◆ **Work request**:
Beginning with the line below that contains "Make the answer very short. 1.21." and ending with the line that contains "Give a very brief answer. 1.07.", copy every line exactly. Copy nothing else.
———
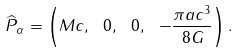Convert formula to latex. <formula><loc_0><loc_0><loc_500><loc_500>\widehat { P } _ { \alpha } = \left ( M c , \ 0 , \ 0 , \ - \frac { \pi a c ^ { 3 } } { 8 G } \right ) .</formula> 
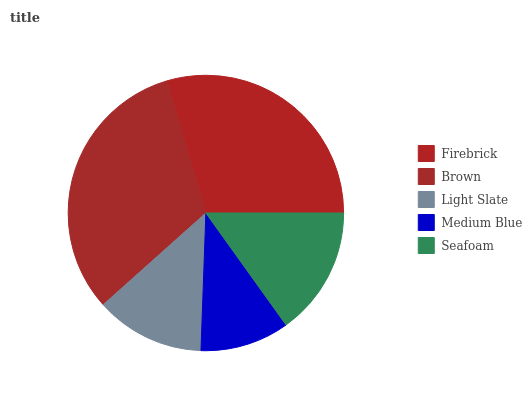Is Medium Blue the minimum?
Answer yes or no. Yes. Is Brown the maximum?
Answer yes or no. Yes. Is Light Slate the minimum?
Answer yes or no. No. Is Light Slate the maximum?
Answer yes or no. No. Is Brown greater than Light Slate?
Answer yes or no. Yes. Is Light Slate less than Brown?
Answer yes or no. Yes. Is Light Slate greater than Brown?
Answer yes or no. No. Is Brown less than Light Slate?
Answer yes or no. No. Is Seafoam the high median?
Answer yes or no. Yes. Is Seafoam the low median?
Answer yes or no. Yes. Is Firebrick the high median?
Answer yes or no. No. Is Medium Blue the low median?
Answer yes or no. No. 
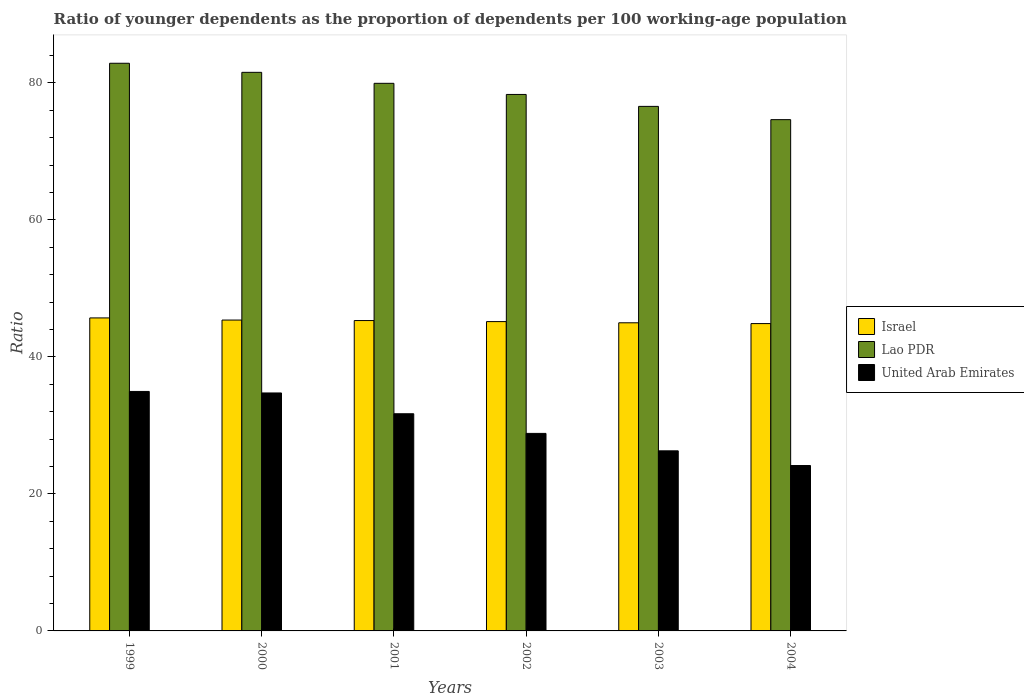How many bars are there on the 2nd tick from the left?
Ensure brevity in your answer.  3. How many bars are there on the 5th tick from the right?
Your answer should be very brief. 3. What is the label of the 1st group of bars from the left?
Give a very brief answer. 1999. What is the age dependency ratio(young) in Israel in 2000?
Offer a terse response. 45.38. Across all years, what is the maximum age dependency ratio(young) in United Arab Emirates?
Keep it short and to the point. 34.96. Across all years, what is the minimum age dependency ratio(young) in Israel?
Your response must be concise. 44.87. In which year was the age dependency ratio(young) in Lao PDR minimum?
Your answer should be compact. 2004. What is the total age dependency ratio(young) in Israel in the graph?
Make the answer very short. 271.39. What is the difference between the age dependency ratio(young) in Lao PDR in 1999 and that in 2002?
Offer a terse response. 4.55. What is the difference between the age dependency ratio(young) in Lao PDR in 2003 and the age dependency ratio(young) in Israel in 2002?
Offer a very short reply. 31.42. What is the average age dependency ratio(young) in Lao PDR per year?
Make the answer very short. 78.98. In the year 1999, what is the difference between the age dependency ratio(young) in Israel and age dependency ratio(young) in United Arab Emirates?
Your response must be concise. 10.73. In how many years, is the age dependency ratio(young) in United Arab Emirates greater than 12?
Provide a short and direct response. 6. What is the ratio of the age dependency ratio(young) in Lao PDR in 1999 to that in 2000?
Give a very brief answer. 1.02. Is the age dependency ratio(young) in Lao PDR in 1999 less than that in 2002?
Keep it short and to the point. No. Is the difference between the age dependency ratio(young) in Israel in 2000 and 2003 greater than the difference between the age dependency ratio(young) in United Arab Emirates in 2000 and 2003?
Make the answer very short. No. What is the difference between the highest and the second highest age dependency ratio(young) in Israel?
Provide a short and direct response. 0.31. What is the difference between the highest and the lowest age dependency ratio(young) in Lao PDR?
Offer a terse response. 8.23. In how many years, is the age dependency ratio(young) in Lao PDR greater than the average age dependency ratio(young) in Lao PDR taken over all years?
Keep it short and to the point. 3. Is the sum of the age dependency ratio(young) in United Arab Emirates in 2003 and 2004 greater than the maximum age dependency ratio(young) in Israel across all years?
Offer a very short reply. Yes. What does the 1st bar from the left in 1999 represents?
Your response must be concise. Israel. What does the 2nd bar from the right in 2004 represents?
Your answer should be very brief. Lao PDR. Is it the case that in every year, the sum of the age dependency ratio(young) in Lao PDR and age dependency ratio(young) in Israel is greater than the age dependency ratio(young) in United Arab Emirates?
Provide a succinct answer. Yes. How many bars are there?
Provide a short and direct response. 18. Are all the bars in the graph horizontal?
Provide a succinct answer. No. What is the difference between two consecutive major ticks on the Y-axis?
Your response must be concise. 20. Where does the legend appear in the graph?
Provide a succinct answer. Center right. How are the legend labels stacked?
Your response must be concise. Vertical. What is the title of the graph?
Your response must be concise. Ratio of younger dependents as the proportion of dependents per 100 working-age population. Does "Niger" appear as one of the legend labels in the graph?
Your answer should be very brief. No. What is the label or title of the Y-axis?
Your response must be concise. Ratio. What is the Ratio of Israel in 1999?
Give a very brief answer. 45.69. What is the Ratio in Lao PDR in 1999?
Ensure brevity in your answer.  82.87. What is the Ratio in United Arab Emirates in 1999?
Offer a terse response. 34.96. What is the Ratio of Israel in 2000?
Your response must be concise. 45.38. What is the Ratio of Lao PDR in 2000?
Your answer should be very brief. 81.54. What is the Ratio of United Arab Emirates in 2000?
Give a very brief answer. 34.74. What is the Ratio of Israel in 2001?
Offer a terse response. 45.31. What is the Ratio in Lao PDR in 2001?
Offer a very short reply. 79.94. What is the Ratio of United Arab Emirates in 2001?
Your answer should be compact. 31.7. What is the Ratio in Israel in 2002?
Give a very brief answer. 45.16. What is the Ratio of Lao PDR in 2002?
Your response must be concise. 78.32. What is the Ratio of United Arab Emirates in 2002?
Offer a terse response. 28.84. What is the Ratio in Israel in 2003?
Offer a terse response. 44.98. What is the Ratio of Lao PDR in 2003?
Make the answer very short. 76.57. What is the Ratio of United Arab Emirates in 2003?
Provide a short and direct response. 26.29. What is the Ratio of Israel in 2004?
Give a very brief answer. 44.87. What is the Ratio in Lao PDR in 2004?
Your response must be concise. 74.64. What is the Ratio in United Arab Emirates in 2004?
Give a very brief answer. 24.15. Across all years, what is the maximum Ratio in Israel?
Make the answer very short. 45.69. Across all years, what is the maximum Ratio in Lao PDR?
Keep it short and to the point. 82.87. Across all years, what is the maximum Ratio in United Arab Emirates?
Your answer should be very brief. 34.96. Across all years, what is the minimum Ratio in Israel?
Keep it short and to the point. 44.87. Across all years, what is the minimum Ratio of Lao PDR?
Your answer should be compact. 74.64. Across all years, what is the minimum Ratio in United Arab Emirates?
Provide a succinct answer. 24.15. What is the total Ratio of Israel in the graph?
Provide a succinct answer. 271.39. What is the total Ratio of Lao PDR in the graph?
Keep it short and to the point. 473.89. What is the total Ratio of United Arab Emirates in the graph?
Give a very brief answer. 180.67. What is the difference between the Ratio in Israel in 1999 and that in 2000?
Your answer should be very brief. 0.31. What is the difference between the Ratio in Lao PDR in 1999 and that in 2000?
Offer a very short reply. 1.33. What is the difference between the Ratio in United Arab Emirates in 1999 and that in 2000?
Your answer should be compact. 0.22. What is the difference between the Ratio in Israel in 1999 and that in 2001?
Ensure brevity in your answer.  0.39. What is the difference between the Ratio in Lao PDR in 1999 and that in 2001?
Offer a terse response. 2.93. What is the difference between the Ratio in United Arab Emirates in 1999 and that in 2001?
Make the answer very short. 3.26. What is the difference between the Ratio of Israel in 1999 and that in 2002?
Your response must be concise. 0.54. What is the difference between the Ratio in Lao PDR in 1999 and that in 2002?
Offer a very short reply. 4.55. What is the difference between the Ratio of United Arab Emirates in 1999 and that in 2002?
Offer a very short reply. 6.12. What is the difference between the Ratio of Israel in 1999 and that in 2003?
Provide a succinct answer. 0.71. What is the difference between the Ratio of Lao PDR in 1999 and that in 2003?
Provide a short and direct response. 6.3. What is the difference between the Ratio in United Arab Emirates in 1999 and that in 2003?
Make the answer very short. 8.67. What is the difference between the Ratio in Israel in 1999 and that in 2004?
Make the answer very short. 0.83. What is the difference between the Ratio of Lao PDR in 1999 and that in 2004?
Ensure brevity in your answer.  8.23. What is the difference between the Ratio in United Arab Emirates in 1999 and that in 2004?
Offer a terse response. 10.81. What is the difference between the Ratio in Israel in 2000 and that in 2001?
Provide a short and direct response. 0.07. What is the difference between the Ratio in Lao PDR in 2000 and that in 2001?
Offer a very short reply. 1.6. What is the difference between the Ratio in United Arab Emirates in 2000 and that in 2001?
Make the answer very short. 3.03. What is the difference between the Ratio in Israel in 2000 and that in 2002?
Offer a very short reply. 0.22. What is the difference between the Ratio of Lao PDR in 2000 and that in 2002?
Ensure brevity in your answer.  3.23. What is the difference between the Ratio in United Arab Emirates in 2000 and that in 2002?
Your answer should be compact. 5.9. What is the difference between the Ratio in Israel in 2000 and that in 2003?
Ensure brevity in your answer.  0.4. What is the difference between the Ratio of Lao PDR in 2000 and that in 2003?
Offer a terse response. 4.97. What is the difference between the Ratio in United Arab Emirates in 2000 and that in 2003?
Keep it short and to the point. 8.45. What is the difference between the Ratio in Israel in 2000 and that in 2004?
Make the answer very short. 0.51. What is the difference between the Ratio in Lao PDR in 2000 and that in 2004?
Your answer should be compact. 6.91. What is the difference between the Ratio in United Arab Emirates in 2000 and that in 2004?
Provide a short and direct response. 10.59. What is the difference between the Ratio in Israel in 2001 and that in 2002?
Your answer should be very brief. 0.15. What is the difference between the Ratio of Lao PDR in 2001 and that in 2002?
Your response must be concise. 1.62. What is the difference between the Ratio in United Arab Emirates in 2001 and that in 2002?
Offer a terse response. 2.87. What is the difference between the Ratio of Israel in 2001 and that in 2003?
Your response must be concise. 0.33. What is the difference between the Ratio in Lao PDR in 2001 and that in 2003?
Ensure brevity in your answer.  3.37. What is the difference between the Ratio of United Arab Emirates in 2001 and that in 2003?
Your response must be concise. 5.41. What is the difference between the Ratio in Israel in 2001 and that in 2004?
Provide a short and direct response. 0.44. What is the difference between the Ratio in Lao PDR in 2001 and that in 2004?
Your answer should be compact. 5.3. What is the difference between the Ratio in United Arab Emirates in 2001 and that in 2004?
Offer a terse response. 7.56. What is the difference between the Ratio in Israel in 2002 and that in 2003?
Give a very brief answer. 0.17. What is the difference between the Ratio of Lao PDR in 2002 and that in 2003?
Offer a terse response. 1.74. What is the difference between the Ratio of United Arab Emirates in 2002 and that in 2003?
Offer a very short reply. 2.55. What is the difference between the Ratio in Israel in 2002 and that in 2004?
Offer a terse response. 0.29. What is the difference between the Ratio of Lao PDR in 2002 and that in 2004?
Your answer should be compact. 3.68. What is the difference between the Ratio of United Arab Emirates in 2002 and that in 2004?
Give a very brief answer. 4.69. What is the difference between the Ratio of Israel in 2003 and that in 2004?
Offer a terse response. 0.12. What is the difference between the Ratio in Lao PDR in 2003 and that in 2004?
Your answer should be compact. 1.94. What is the difference between the Ratio of United Arab Emirates in 2003 and that in 2004?
Make the answer very short. 2.14. What is the difference between the Ratio of Israel in 1999 and the Ratio of Lao PDR in 2000?
Make the answer very short. -35.85. What is the difference between the Ratio in Israel in 1999 and the Ratio in United Arab Emirates in 2000?
Make the answer very short. 10.96. What is the difference between the Ratio of Lao PDR in 1999 and the Ratio of United Arab Emirates in 2000?
Provide a succinct answer. 48.13. What is the difference between the Ratio of Israel in 1999 and the Ratio of Lao PDR in 2001?
Ensure brevity in your answer.  -34.25. What is the difference between the Ratio in Israel in 1999 and the Ratio in United Arab Emirates in 2001?
Offer a terse response. 13.99. What is the difference between the Ratio in Lao PDR in 1999 and the Ratio in United Arab Emirates in 2001?
Give a very brief answer. 51.17. What is the difference between the Ratio in Israel in 1999 and the Ratio in Lao PDR in 2002?
Make the answer very short. -32.62. What is the difference between the Ratio in Israel in 1999 and the Ratio in United Arab Emirates in 2002?
Your response must be concise. 16.86. What is the difference between the Ratio in Lao PDR in 1999 and the Ratio in United Arab Emirates in 2002?
Give a very brief answer. 54.03. What is the difference between the Ratio in Israel in 1999 and the Ratio in Lao PDR in 2003?
Offer a terse response. -30.88. What is the difference between the Ratio in Israel in 1999 and the Ratio in United Arab Emirates in 2003?
Make the answer very short. 19.4. What is the difference between the Ratio of Lao PDR in 1999 and the Ratio of United Arab Emirates in 2003?
Offer a very short reply. 56.58. What is the difference between the Ratio of Israel in 1999 and the Ratio of Lao PDR in 2004?
Provide a succinct answer. -28.95. What is the difference between the Ratio of Israel in 1999 and the Ratio of United Arab Emirates in 2004?
Provide a short and direct response. 21.55. What is the difference between the Ratio in Lao PDR in 1999 and the Ratio in United Arab Emirates in 2004?
Make the answer very short. 58.72. What is the difference between the Ratio in Israel in 2000 and the Ratio in Lao PDR in 2001?
Offer a very short reply. -34.56. What is the difference between the Ratio of Israel in 2000 and the Ratio of United Arab Emirates in 2001?
Ensure brevity in your answer.  13.68. What is the difference between the Ratio of Lao PDR in 2000 and the Ratio of United Arab Emirates in 2001?
Keep it short and to the point. 49.84. What is the difference between the Ratio in Israel in 2000 and the Ratio in Lao PDR in 2002?
Ensure brevity in your answer.  -32.94. What is the difference between the Ratio in Israel in 2000 and the Ratio in United Arab Emirates in 2002?
Give a very brief answer. 16.55. What is the difference between the Ratio in Lao PDR in 2000 and the Ratio in United Arab Emirates in 2002?
Your answer should be very brief. 52.71. What is the difference between the Ratio in Israel in 2000 and the Ratio in Lao PDR in 2003?
Your response must be concise. -31.19. What is the difference between the Ratio of Israel in 2000 and the Ratio of United Arab Emirates in 2003?
Provide a short and direct response. 19.09. What is the difference between the Ratio in Lao PDR in 2000 and the Ratio in United Arab Emirates in 2003?
Provide a succinct answer. 55.25. What is the difference between the Ratio of Israel in 2000 and the Ratio of Lao PDR in 2004?
Your answer should be very brief. -29.26. What is the difference between the Ratio in Israel in 2000 and the Ratio in United Arab Emirates in 2004?
Offer a very short reply. 21.23. What is the difference between the Ratio in Lao PDR in 2000 and the Ratio in United Arab Emirates in 2004?
Offer a terse response. 57.4. What is the difference between the Ratio of Israel in 2001 and the Ratio of Lao PDR in 2002?
Offer a terse response. -33.01. What is the difference between the Ratio in Israel in 2001 and the Ratio in United Arab Emirates in 2002?
Provide a short and direct response. 16.47. What is the difference between the Ratio of Lao PDR in 2001 and the Ratio of United Arab Emirates in 2002?
Provide a succinct answer. 51.11. What is the difference between the Ratio of Israel in 2001 and the Ratio of Lao PDR in 2003?
Your response must be concise. -31.27. What is the difference between the Ratio in Israel in 2001 and the Ratio in United Arab Emirates in 2003?
Make the answer very short. 19.02. What is the difference between the Ratio in Lao PDR in 2001 and the Ratio in United Arab Emirates in 2003?
Keep it short and to the point. 53.65. What is the difference between the Ratio in Israel in 2001 and the Ratio in Lao PDR in 2004?
Keep it short and to the point. -29.33. What is the difference between the Ratio in Israel in 2001 and the Ratio in United Arab Emirates in 2004?
Give a very brief answer. 21.16. What is the difference between the Ratio of Lao PDR in 2001 and the Ratio of United Arab Emirates in 2004?
Your answer should be very brief. 55.8. What is the difference between the Ratio in Israel in 2002 and the Ratio in Lao PDR in 2003?
Your answer should be compact. -31.42. What is the difference between the Ratio in Israel in 2002 and the Ratio in United Arab Emirates in 2003?
Make the answer very short. 18.87. What is the difference between the Ratio of Lao PDR in 2002 and the Ratio of United Arab Emirates in 2003?
Ensure brevity in your answer.  52.03. What is the difference between the Ratio of Israel in 2002 and the Ratio of Lao PDR in 2004?
Provide a succinct answer. -29.48. What is the difference between the Ratio of Israel in 2002 and the Ratio of United Arab Emirates in 2004?
Your answer should be very brief. 21.01. What is the difference between the Ratio in Lao PDR in 2002 and the Ratio in United Arab Emirates in 2004?
Give a very brief answer. 54.17. What is the difference between the Ratio in Israel in 2003 and the Ratio in Lao PDR in 2004?
Offer a very short reply. -29.66. What is the difference between the Ratio in Israel in 2003 and the Ratio in United Arab Emirates in 2004?
Offer a terse response. 20.84. What is the difference between the Ratio of Lao PDR in 2003 and the Ratio of United Arab Emirates in 2004?
Make the answer very short. 52.43. What is the average Ratio in Israel per year?
Your answer should be very brief. 45.23. What is the average Ratio of Lao PDR per year?
Provide a succinct answer. 78.98. What is the average Ratio in United Arab Emirates per year?
Your response must be concise. 30.11. In the year 1999, what is the difference between the Ratio in Israel and Ratio in Lao PDR?
Your answer should be very brief. -37.18. In the year 1999, what is the difference between the Ratio of Israel and Ratio of United Arab Emirates?
Offer a terse response. 10.73. In the year 1999, what is the difference between the Ratio of Lao PDR and Ratio of United Arab Emirates?
Give a very brief answer. 47.91. In the year 2000, what is the difference between the Ratio in Israel and Ratio in Lao PDR?
Provide a succinct answer. -36.16. In the year 2000, what is the difference between the Ratio in Israel and Ratio in United Arab Emirates?
Your answer should be very brief. 10.64. In the year 2000, what is the difference between the Ratio in Lao PDR and Ratio in United Arab Emirates?
Your response must be concise. 46.81. In the year 2001, what is the difference between the Ratio in Israel and Ratio in Lao PDR?
Your response must be concise. -34.63. In the year 2001, what is the difference between the Ratio in Israel and Ratio in United Arab Emirates?
Your response must be concise. 13.61. In the year 2001, what is the difference between the Ratio of Lao PDR and Ratio of United Arab Emirates?
Offer a terse response. 48.24. In the year 2002, what is the difference between the Ratio in Israel and Ratio in Lao PDR?
Provide a succinct answer. -33.16. In the year 2002, what is the difference between the Ratio of Israel and Ratio of United Arab Emirates?
Keep it short and to the point. 16.32. In the year 2002, what is the difference between the Ratio in Lao PDR and Ratio in United Arab Emirates?
Offer a terse response. 49.48. In the year 2003, what is the difference between the Ratio of Israel and Ratio of Lao PDR?
Your response must be concise. -31.59. In the year 2003, what is the difference between the Ratio in Israel and Ratio in United Arab Emirates?
Offer a very short reply. 18.69. In the year 2003, what is the difference between the Ratio in Lao PDR and Ratio in United Arab Emirates?
Give a very brief answer. 50.28. In the year 2004, what is the difference between the Ratio in Israel and Ratio in Lao PDR?
Give a very brief answer. -29.77. In the year 2004, what is the difference between the Ratio in Israel and Ratio in United Arab Emirates?
Provide a short and direct response. 20.72. In the year 2004, what is the difference between the Ratio in Lao PDR and Ratio in United Arab Emirates?
Your answer should be very brief. 50.49. What is the ratio of the Ratio of Lao PDR in 1999 to that in 2000?
Offer a very short reply. 1.02. What is the ratio of the Ratio in United Arab Emirates in 1999 to that in 2000?
Make the answer very short. 1.01. What is the ratio of the Ratio of Israel in 1999 to that in 2001?
Your answer should be very brief. 1.01. What is the ratio of the Ratio of Lao PDR in 1999 to that in 2001?
Offer a terse response. 1.04. What is the ratio of the Ratio of United Arab Emirates in 1999 to that in 2001?
Your response must be concise. 1.1. What is the ratio of the Ratio in Israel in 1999 to that in 2002?
Give a very brief answer. 1.01. What is the ratio of the Ratio in Lao PDR in 1999 to that in 2002?
Offer a very short reply. 1.06. What is the ratio of the Ratio in United Arab Emirates in 1999 to that in 2002?
Your answer should be very brief. 1.21. What is the ratio of the Ratio of Israel in 1999 to that in 2003?
Your response must be concise. 1.02. What is the ratio of the Ratio of Lao PDR in 1999 to that in 2003?
Make the answer very short. 1.08. What is the ratio of the Ratio in United Arab Emirates in 1999 to that in 2003?
Your answer should be very brief. 1.33. What is the ratio of the Ratio in Israel in 1999 to that in 2004?
Make the answer very short. 1.02. What is the ratio of the Ratio of Lao PDR in 1999 to that in 2004?
Offer a very short reply. 1.11. What is the ratio of the Ratio in United Arab Emirates in 1999 to that in 2004?
Provide a succinct answer. 1.45. What is the ratio of the Ratio in Lao PDR in 2000 to that in 2001?
Provide a short and direct response. 1.02. What is the ratio of the Ratio of United Arab Emirates in 2000 to that in 2001?
Ensure brevity in your answer.  1.1. What is the ratio of the Ratio in Israel in 2000 to that in 2002?
Give a very brief answer. 1. What is the ratio of the Ratio of Lao PDR in 2000 to that in 2002?
Make the answer very short. 1.04. What is the ratio of the Ratio of United Arab Emirates in 2000 to that in 2002?
Keep it short and to the point. 1.2. What is the ratio of the Ratio in Israel in 2000 to that in 2003?
Provide a short and direct response. 1.01. What is the ratio of the Ratio of Lao PDR in 2000 to that in 2003?
Give a very brief answer. 1.06. What is the ratio of the Ratio in United Arab Emirates in 2000 to that in 2003?
Ensure brevity in your answer.  1.32. What is the ratio of the Ratio in Israel in 2000 to that in 2004?
Offer a very short reply. 1.01. What is the ratio of the Ratio of Lao PDR in 2000 to that in 2004?
Keep it short and to the point. 1.09. What is the ratio of the Ratio in United Arab Emirates in 2000 to that in 2004?
Make the answer very short. 1.44. What is the ratio of the Ratio in Lao PDR in 2001 to that in 2002?
Provide a succinct answer. 1.02. What is the ratio of the Ratio in United Arab Emirates in 2001 to that in 2002?
Provide a short and direct response. 1.1. What is the ratio of the Ratio of Lao PDR in 2001 to that in 2003?
Give a very brief answer. 1.04. What is the ratio of the Ratio of United Arab Emirates in 2001 to that in 2003?
Make the answer very short. 1.21. What is the ratio of the Ratio in Israel in 2001 to that in 2004?
Make the answer very short. 1.01. What is the ratio of the Ratio in Lao PDR in 2001 to that in 2004?
Give a very brief answer. 1.07. What is the ratio of the Ratio of United Arab Emirates in 2001 to that in 2004?
Your response must be concise. 1.31. What is the ratio of the Ratio in Israel in 2002 to that in 2003?
Make the answer very short. 1. What is the ratio of the Ratio of Lao PDR in 2002 to that in 2003?
Your answer should be compact. 1.02. What is the ratio of the Ratio of United Arab Emirates in 2002 to that in 2003?
Ensure brevity in your answer.  1.1. What is the ratio of the Ratio in Israel in 2002 to that in 2004?
Make the answer very short. 1.01. What is the ratio of the Ratio of Lao PDR in 2002 to that in 2004?
Your response must be concise. 1.05. What is the ratio of the Ratio of United Arab Emirates in 2002 to that in 2004?
Make the answer very short. 1.19. What is the ratio of the Ratio of Lao PDR in 2003 to that in 2004?
Provide a short and direct response. 1.03. What is the ratio of the Ratio of United Arab Emirates in 2003 to that in 2004?
Ensure brevity in your answer.  1.09. What is the difference between the highest and the second highest Ratio in Israel?
Your answer should be very brief. 0.31. What is the difference between the highest and the second highest Ratio in Lao PDR?
Your response must be concise. 1.33. What is the difference between the highest and the second highest Ratio of United Arab Emirates?
Ensure brevity in your answer.  0.22. What is the difference between the highest and the lowest Ratio of Israel?
Make the answer very short. 0.83. What is the difference between the highest and the lowest Ratio of Lao PDR?
Keep it short and to the point. 8.23. What is the difference between the highest and the lowest Ratio of United Arab Emirates?
Your response must be concise. 10.81.
———
◆ **Exercise answer**:
Make the answer very short. 1.21. What is the ratio of the Ratio in Israel in 2001 to that in 2004?
Make the answer very short. 1.01. What is the ratio of the Ratio in Lao PDR in 2001 to that in 2004?
Give a very brief answer. 1.07. What is the ratio of the Ratio of United Arab Emirates in 2001 to that in 2004?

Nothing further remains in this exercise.